Hardie, Andrew and Lohani, Ram Raj and Regmi, Bhim N. and Yadava, Yogendra P. (2009) A morphosyntactic categorisation scheme for the automated analysis of Nepali. In: Annual Review of South Asian Languages and Linguistics 2009 :. Trends in linguistics. Studies and monographs . Mouton de Gruyter, Berlin, pp. 171-196. ISBN 9783110225594
Full text not available from this repository.Abstract
This paper describes the linguistic rationale underlying the part-of-speech tagset used for tagging the Nepali National Corpus. In particular, three conceptually complex areas are discussed in detail. In the first place, the nature of Nepali postpositions is explored, and the approach that the tagset takes to them – in which postpositions are tokenised separately to the nouns or other words to which they are attached – is justified. A similar exploration of gender marking, however, supports an opposite approach, where gender is treated as a feature of the word on which it is marked, and indicated in that word’s tag.

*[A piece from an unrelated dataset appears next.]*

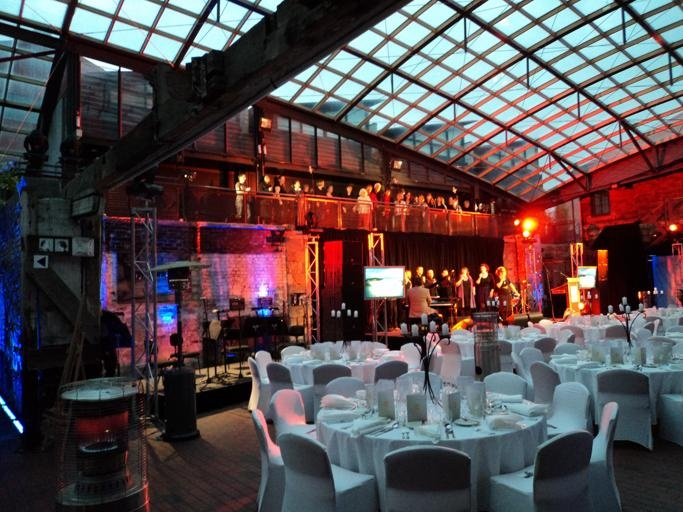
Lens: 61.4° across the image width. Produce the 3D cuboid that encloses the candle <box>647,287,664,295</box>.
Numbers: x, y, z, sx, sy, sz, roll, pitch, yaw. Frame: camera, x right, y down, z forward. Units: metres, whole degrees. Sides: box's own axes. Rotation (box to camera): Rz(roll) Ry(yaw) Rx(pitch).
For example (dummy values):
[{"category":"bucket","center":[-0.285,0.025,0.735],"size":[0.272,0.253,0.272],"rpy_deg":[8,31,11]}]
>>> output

It is further argued that an inconsistent treatment of gender on nouns, as opposed to adjectives and other words that agree with nouns, is justified for Nepali. Thirdly, the very great complexity of Nepali verb inflection (some of it created by very productive compounding) is shown to necessitate the use, within the tagset, of a simplified model of the Nepali verb. A brief analysis of the similarities and differences between this tagset and part-of-speech annotation schemes for some closely related is undertaken. Finally, the implementation of the tagset in an automated tagging system is summarised and some directions for future work outlined.